Estimation of shear strength parameters of lime-cement stabilized granular soils from unconfined compressive tests  

Azadegan, Omid (Department of Civil Engineering, Shahid Bahonar University of Kerman)
Li, Jie (School of Civil, Environmental and Chemical Engineering, RMIT University)
Jafari, S. Hadi (Young Researchers Club, Yasuj Branch, Islamic Azad University)
Publication Information
Geomechanics and Engineering / v.7, no.3, 2014 , pp. 247-261 More about this Journal
Abstract
Analytical and numerical modeling of soft or problematic soils stabilized with lime and cement require a number of soil parameters which are usually obtained from expensive and time-consuming laboratory experiments. The high shear strength of lime and cement stabilized soils make it extremely difficult to obtain high quality laboratory data in some cases. In this study, an alternative method is proposed, which uses the unconfined compressive strength and estimating functions available in literature to evaluate the shear strength parameters of the treated materials.

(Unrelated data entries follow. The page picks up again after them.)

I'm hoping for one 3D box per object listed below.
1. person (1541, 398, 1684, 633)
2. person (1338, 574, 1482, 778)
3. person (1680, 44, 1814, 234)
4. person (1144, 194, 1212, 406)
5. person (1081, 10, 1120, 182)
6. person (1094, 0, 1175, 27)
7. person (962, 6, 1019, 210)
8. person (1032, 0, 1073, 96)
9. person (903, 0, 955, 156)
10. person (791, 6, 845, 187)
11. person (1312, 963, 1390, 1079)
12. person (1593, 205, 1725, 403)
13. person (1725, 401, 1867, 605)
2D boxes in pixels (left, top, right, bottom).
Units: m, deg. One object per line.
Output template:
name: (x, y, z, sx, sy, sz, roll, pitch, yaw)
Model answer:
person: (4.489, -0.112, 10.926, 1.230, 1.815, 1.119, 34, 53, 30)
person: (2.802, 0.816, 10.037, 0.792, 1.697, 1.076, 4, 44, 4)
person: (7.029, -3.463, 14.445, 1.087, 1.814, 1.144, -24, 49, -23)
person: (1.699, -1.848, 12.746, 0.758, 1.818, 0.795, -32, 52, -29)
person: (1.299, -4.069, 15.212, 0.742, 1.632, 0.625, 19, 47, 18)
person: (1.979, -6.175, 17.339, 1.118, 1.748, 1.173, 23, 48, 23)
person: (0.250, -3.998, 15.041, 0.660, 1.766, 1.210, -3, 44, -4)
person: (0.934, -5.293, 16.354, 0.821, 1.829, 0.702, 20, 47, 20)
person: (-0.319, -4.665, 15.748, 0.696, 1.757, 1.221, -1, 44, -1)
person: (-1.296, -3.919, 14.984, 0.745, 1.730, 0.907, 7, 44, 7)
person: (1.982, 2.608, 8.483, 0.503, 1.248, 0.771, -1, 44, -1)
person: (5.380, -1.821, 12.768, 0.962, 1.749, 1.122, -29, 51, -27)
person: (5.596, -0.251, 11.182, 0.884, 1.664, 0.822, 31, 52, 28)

The estimated properties were applied in finite element model to determine which estimating function is more appropriate for lime and cement treated granular soils. The results show that at the mid-range strength of the stabilized soils, most of applied functions have a good compatibility with laboratory conditions. However, application of some functions at lower or higher strengths would lead to underestimation or overestimation of the unconfined compressive strength.
Keywords
lime and cement stabilization; finite element modeling; compressive strength; failure criterion; cohesion; internal friction angel;
Citations & Related Records
Times Cited By KSCI : 2  (Citation Analysis)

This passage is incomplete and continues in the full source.